Chern class on a symplectic manifold Let $(X,\omega)$ be a closed symplectic manifold.  Can we always write $c_1(TX) = [ f \omega ]$
for some function $f: X \to \mathbb{R}$?
 A: Your question is correspond to weak Kahler-Einstein metric(I know for Kahler case). Let me explain in more details
The Hermitian metric $H$ along the fibers of the holomorphic vector bundle $E$ over a K\"ahler manifold $(M,\omega)$ is weak Hermitian-Einstein if $$\sqrt[]{-1}\Lambda_\omega F_H =
\phi I$$ at every point of $M$, where $\gamma$ is a function on $M$ and $I$ is the identity
endomorphism of $E$ and $F_H$ is the Chern curvature form of $(E, h)$. Here $\Lambda_\omega$ is the contraction with $\omega$ which means 
$$F_H\wedge\omega^{n-1}=(n-1)!\Lambda_\omega F_H\frac{\omega^n}{n!}$$
If $\Phi$ is constant $\lambda$ then we call it Hermitian-Einstein metric.

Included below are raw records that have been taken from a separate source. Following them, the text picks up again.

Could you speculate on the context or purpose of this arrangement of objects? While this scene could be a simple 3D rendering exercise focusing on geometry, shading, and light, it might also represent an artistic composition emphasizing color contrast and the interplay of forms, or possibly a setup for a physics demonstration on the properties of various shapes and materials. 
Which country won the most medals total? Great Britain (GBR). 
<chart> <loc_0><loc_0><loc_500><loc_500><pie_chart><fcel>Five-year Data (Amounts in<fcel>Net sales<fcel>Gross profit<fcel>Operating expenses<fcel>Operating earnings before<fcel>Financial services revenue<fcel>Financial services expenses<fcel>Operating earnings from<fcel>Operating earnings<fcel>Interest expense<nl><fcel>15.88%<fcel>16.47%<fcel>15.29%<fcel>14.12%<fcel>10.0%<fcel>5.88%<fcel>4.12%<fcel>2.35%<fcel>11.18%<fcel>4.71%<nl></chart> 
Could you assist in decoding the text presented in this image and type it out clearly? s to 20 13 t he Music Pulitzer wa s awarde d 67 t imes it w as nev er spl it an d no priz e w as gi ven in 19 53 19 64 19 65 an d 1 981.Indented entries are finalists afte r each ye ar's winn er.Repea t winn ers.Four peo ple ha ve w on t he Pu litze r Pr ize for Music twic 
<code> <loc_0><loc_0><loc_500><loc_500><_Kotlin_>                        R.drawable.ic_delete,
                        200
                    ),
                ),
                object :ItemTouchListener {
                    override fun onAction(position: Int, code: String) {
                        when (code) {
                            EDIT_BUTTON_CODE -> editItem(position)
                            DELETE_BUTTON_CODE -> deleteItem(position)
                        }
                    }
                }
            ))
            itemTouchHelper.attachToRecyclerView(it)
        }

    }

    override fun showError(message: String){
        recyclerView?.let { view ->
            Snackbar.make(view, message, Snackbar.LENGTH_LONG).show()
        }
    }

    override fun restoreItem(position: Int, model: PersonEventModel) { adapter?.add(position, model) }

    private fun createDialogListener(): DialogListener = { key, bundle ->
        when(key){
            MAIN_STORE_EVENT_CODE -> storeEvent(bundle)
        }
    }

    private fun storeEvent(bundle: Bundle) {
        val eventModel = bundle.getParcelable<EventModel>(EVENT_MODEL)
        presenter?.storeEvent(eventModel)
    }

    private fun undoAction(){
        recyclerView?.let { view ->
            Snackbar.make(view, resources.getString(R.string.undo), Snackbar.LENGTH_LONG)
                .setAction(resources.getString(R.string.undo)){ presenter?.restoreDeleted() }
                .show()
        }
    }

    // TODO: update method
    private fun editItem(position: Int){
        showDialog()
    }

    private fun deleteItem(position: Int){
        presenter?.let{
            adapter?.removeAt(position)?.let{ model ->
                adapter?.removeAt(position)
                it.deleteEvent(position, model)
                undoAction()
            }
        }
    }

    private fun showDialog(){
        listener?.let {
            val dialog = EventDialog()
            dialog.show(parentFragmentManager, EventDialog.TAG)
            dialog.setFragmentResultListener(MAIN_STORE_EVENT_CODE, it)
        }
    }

As additional remark of the sign of $\lambda$,
If the metric $h$ admit hermitian-Einstein metric $Λ_ωF_h=λI $, and if $λ<0$ there is no holomorphic section, and if $λ=0$ then all holomorphic sections are parallel. Since $$\Delta |s|^2=|\nabla s|^2-<(\Lambda_\omega F_h)s,s>\geq 0$$
where $s$ is a section and hence $|s|$ is bounded. But maximum principle for subharmonic functions, so $|∇s|^2=λ|s|^2$. Hence if $λ<0$ there is no holomorphic section, and if $λ=0$ then all holomorphic sections are parallel.
Now take $E=TM$, then we can define weak Kahler-Einstein metric as $Ric(\omega)=\phi \omega$ and hence $c_1(TM)=[Ric(\omega)]=[\phi \omega]$
When $\phi$ is globally constant, then we call it Kahler-Einstein metric and when it is positive we call $M$ is Fano and when it is negative we call $M$ is of general type and it is zero $M$ is called Calabi-Yau variety
From Kobayashi book (complex vector bundle ) we have the following theorem for more general setting of your question
Theorem: An Hermitian vector bundle $(E, h)$ over a Riemann surface
$(M, g)$ satisfies the weak Einstein condition if and only if it is projectively flat.
Note that in general one direction always works
Theorem: Let $(M, g)$ is a Kahler manifold, Let $(E, h)$ be a projectively flat vector bundle over $M$.
Then, for any Hermitian metric $g$ on $M$,$(E, h)$ satisfies the weak Einstein
condition.
We have also the following theorem which tell us that any weak Hermitian-Einstein metric after conformal change is Hermitian-Einstein metric
Theorem: If an Hermitian vector bundle $(E, h)$ over a compact Kahler
manifold $(M, g)$ satisfies the weak Einstein condition with factor $φ$, there is a conformal change $h −→ h′ = ah$ such that $(E, h′ )$ satisfies the Einstein condition with a constant factor $c$. Such a conformal change is unique up to a
homothety. Now you can take $E=TM$ and this tells us that any weak Kahler-Einstein there is a conformal change  $h −→ h′ = ah$ such that $(TM, h′ )$ is Kahler-Einstein metric
A: Take a product of spheres, and let $\omega$ be half the area form on the first factor plus twice that on the second factor. The Chern classes of the tangent bundle are clearly invariant under switching the factors, since we can deform the symplectic structure into the standard Kaehler structure, and the Chern classes are integer classes. As divertietti points out, the function $f$ in your description must be constant, so doesn't give the correct symplectic form.
A: The answer is no.
First of all, if you want $f\omega$ to define a cohomology class, you should ask that $d(f\omega)=0$, and this is equivalent to $df\wedge\omega=0$, since $d\omega=0$. Using Darboux coordinates, it is straightforward to see that this implies that $f$ must be (locally) constant (see e.g. this answer).
Now, take your $X$ to be a connected compact Kähler manifold, which is of course symplectic, once you fix a Kähler form $\omega$. Thus, you are asking whether you can find a real constant $\lambda$ such that $c_1(X)=[\lambda\omega]$. This implies in particular that the sign of $c_1(X)$ must be definite. To get a counterexample it is therefore sufficient to take any compact Kähler manifold whose canonical bundle is not positive, nor negative, nor zero.